Jackson, who went on to become head of the armed forces, was a captain and adjutant of the First Battalion of the Parachute Regiment at the time of Bloody Sunday and so was involved in compiling an account of the day’s events.

This included writing out the statement of Major E Loden in which he detailed how soldiers had shot at and killed various people he described as nail bombers and gunmen.

The Saville Report yesterday refuted this account and emphasised the innocence of all 14 of those killed on Bloody Sunday.

In the view of McCann, if the army’s original account had been more honest there would have been no need for the £200m Bloody Sunday Inquiry.

In evidence to the inquiry in 2003, Jackson said: “I can say with complete authority that I was not involved in any attempt to distort or cover up what happened that day, and to the best of my knowledge and firm belief, nor was anyone else.

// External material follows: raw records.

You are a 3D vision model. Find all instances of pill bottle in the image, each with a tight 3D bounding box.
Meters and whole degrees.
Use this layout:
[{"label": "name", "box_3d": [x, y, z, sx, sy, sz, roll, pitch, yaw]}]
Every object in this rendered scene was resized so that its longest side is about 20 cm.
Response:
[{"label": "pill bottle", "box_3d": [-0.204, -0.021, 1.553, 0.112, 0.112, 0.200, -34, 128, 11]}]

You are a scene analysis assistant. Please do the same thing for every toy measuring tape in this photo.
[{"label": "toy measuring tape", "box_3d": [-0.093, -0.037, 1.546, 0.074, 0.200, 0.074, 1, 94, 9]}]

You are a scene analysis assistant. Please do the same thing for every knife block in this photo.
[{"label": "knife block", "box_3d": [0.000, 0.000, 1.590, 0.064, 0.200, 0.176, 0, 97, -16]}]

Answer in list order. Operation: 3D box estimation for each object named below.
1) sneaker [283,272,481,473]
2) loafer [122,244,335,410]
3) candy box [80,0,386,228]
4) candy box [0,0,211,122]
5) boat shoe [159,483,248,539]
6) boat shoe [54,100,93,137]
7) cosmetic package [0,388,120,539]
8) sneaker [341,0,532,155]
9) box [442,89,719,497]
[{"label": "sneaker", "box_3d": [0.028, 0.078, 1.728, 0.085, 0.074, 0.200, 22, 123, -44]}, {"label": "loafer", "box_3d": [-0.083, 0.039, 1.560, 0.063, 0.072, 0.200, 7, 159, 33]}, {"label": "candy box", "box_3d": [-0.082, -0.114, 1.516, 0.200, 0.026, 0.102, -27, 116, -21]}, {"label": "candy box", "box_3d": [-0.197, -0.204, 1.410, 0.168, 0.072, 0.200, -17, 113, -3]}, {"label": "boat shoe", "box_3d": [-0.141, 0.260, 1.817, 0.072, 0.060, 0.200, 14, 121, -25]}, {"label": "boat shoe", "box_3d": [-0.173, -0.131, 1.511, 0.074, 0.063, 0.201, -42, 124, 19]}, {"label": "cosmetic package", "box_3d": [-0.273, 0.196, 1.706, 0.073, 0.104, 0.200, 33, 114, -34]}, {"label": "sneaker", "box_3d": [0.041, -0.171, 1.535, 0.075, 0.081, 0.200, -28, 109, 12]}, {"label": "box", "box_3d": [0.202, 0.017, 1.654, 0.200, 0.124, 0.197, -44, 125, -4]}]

“It is simply inconceivable that one or more of the officers whose statements I wrote out could have been engaged in such activity without it being obvious to me.”

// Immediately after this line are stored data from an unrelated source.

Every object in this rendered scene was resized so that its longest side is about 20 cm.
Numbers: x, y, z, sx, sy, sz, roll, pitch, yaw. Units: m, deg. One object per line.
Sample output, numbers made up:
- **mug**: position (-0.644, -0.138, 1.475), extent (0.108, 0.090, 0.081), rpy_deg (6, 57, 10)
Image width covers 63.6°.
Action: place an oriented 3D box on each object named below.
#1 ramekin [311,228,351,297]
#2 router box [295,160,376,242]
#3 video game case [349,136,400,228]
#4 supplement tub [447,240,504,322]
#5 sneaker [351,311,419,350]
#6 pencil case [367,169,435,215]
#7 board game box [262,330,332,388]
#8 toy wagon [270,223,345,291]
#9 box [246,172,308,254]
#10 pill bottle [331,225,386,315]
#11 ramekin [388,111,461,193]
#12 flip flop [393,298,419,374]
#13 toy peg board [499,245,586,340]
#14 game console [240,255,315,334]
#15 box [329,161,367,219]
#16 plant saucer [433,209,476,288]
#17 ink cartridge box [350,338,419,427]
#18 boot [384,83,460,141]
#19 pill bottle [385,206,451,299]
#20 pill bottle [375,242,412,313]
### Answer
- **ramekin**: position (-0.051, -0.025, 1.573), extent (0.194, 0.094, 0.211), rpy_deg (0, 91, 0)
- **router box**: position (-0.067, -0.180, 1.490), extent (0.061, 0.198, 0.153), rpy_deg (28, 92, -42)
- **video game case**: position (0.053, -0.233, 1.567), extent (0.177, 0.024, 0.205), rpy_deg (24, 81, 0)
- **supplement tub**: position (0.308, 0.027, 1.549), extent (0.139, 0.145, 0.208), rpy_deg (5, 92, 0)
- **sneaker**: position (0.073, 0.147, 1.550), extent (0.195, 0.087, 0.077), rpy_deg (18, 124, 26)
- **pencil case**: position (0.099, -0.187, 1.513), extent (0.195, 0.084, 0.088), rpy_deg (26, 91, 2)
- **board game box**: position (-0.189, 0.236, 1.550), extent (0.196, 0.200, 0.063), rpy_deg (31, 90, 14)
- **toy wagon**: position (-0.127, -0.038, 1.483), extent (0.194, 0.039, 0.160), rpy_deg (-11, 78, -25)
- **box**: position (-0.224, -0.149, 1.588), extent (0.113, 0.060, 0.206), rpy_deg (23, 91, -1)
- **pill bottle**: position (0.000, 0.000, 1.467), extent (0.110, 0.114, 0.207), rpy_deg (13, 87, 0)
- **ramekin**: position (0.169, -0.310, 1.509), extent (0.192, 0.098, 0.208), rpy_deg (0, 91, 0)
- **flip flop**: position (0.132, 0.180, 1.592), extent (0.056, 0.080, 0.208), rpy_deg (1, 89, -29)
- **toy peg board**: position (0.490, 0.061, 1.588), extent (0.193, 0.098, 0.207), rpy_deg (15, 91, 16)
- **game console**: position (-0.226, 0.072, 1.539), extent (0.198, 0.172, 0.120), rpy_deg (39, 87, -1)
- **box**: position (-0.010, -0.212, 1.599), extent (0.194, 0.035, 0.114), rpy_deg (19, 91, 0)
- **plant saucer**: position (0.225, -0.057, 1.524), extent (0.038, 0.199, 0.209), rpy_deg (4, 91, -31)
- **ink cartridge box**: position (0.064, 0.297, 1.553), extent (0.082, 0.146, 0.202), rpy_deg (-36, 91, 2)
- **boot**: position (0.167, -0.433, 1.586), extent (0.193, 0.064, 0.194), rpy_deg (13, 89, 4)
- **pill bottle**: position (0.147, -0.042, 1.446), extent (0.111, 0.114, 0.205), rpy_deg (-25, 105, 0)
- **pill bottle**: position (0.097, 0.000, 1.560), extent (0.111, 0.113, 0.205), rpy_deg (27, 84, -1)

Robert Fisk was a reporter for The Times in 1972. Writing in The Independent today he cast his mind back to the events of Bloody Sunday and noted “the libels that British journalism was to commit against the dead of Bloody Sunday”.

He asked whether, in their reporting of Bloody Sunday and the subsequent and now debunked Widgery report into it: “British journalists have something to answer for in our slavish adherence to the notion of the British Army’s integrity”.